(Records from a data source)
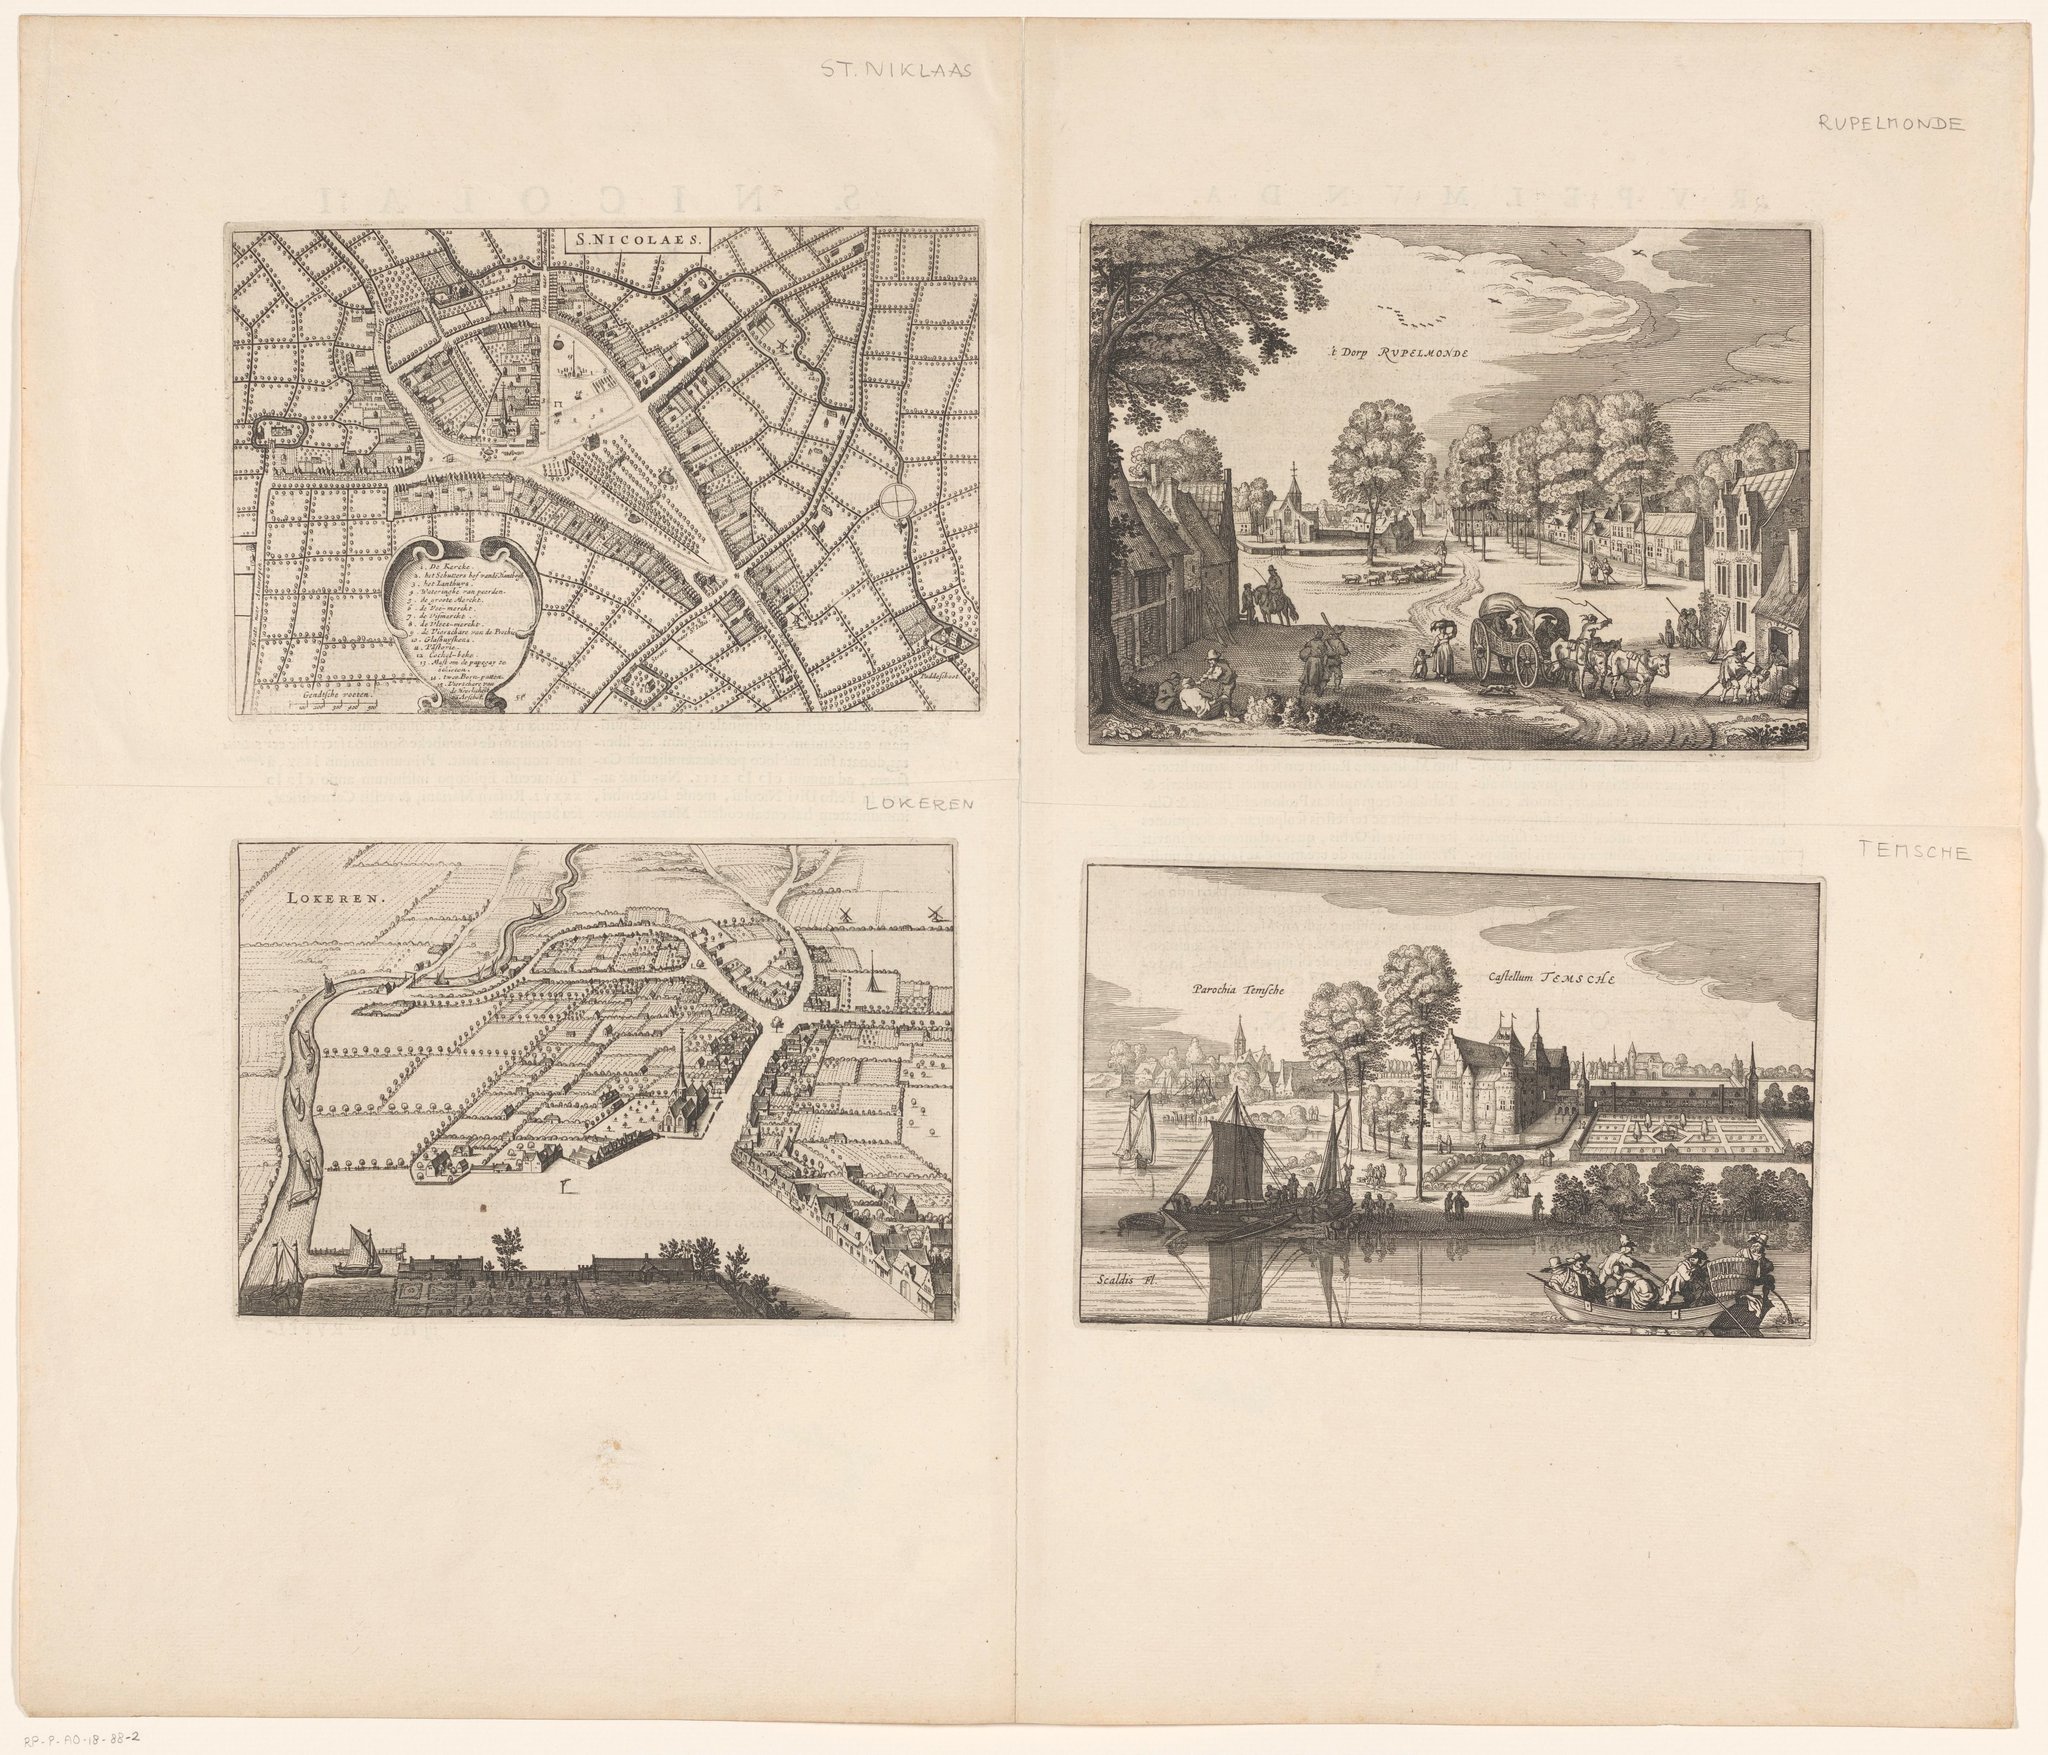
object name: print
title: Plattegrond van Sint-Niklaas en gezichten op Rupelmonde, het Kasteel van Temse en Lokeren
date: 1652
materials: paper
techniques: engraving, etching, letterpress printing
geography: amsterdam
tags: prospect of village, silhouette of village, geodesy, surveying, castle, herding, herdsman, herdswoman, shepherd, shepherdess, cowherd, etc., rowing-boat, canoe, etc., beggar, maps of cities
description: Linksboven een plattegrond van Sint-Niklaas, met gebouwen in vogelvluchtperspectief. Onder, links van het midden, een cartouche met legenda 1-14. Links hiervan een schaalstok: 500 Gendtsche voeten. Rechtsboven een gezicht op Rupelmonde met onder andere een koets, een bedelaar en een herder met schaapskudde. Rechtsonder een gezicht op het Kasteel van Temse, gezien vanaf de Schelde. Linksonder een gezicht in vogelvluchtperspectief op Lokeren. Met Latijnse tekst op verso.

> **Task prompt**:
Above are the records; from them, give again exactly the lines from the one containing "geography: amsterdam" through the one containing "tags: prospect of", both included.

> **Task response**:
geography: amsterdam
tags: prospect of village, silhouette of village, geodesy, surveying, castle, herding, herdsman, herdswoman, shepherd, shepherdess, cowherd, etc., rowing-boat, canoe, etc., beggar, maps of cities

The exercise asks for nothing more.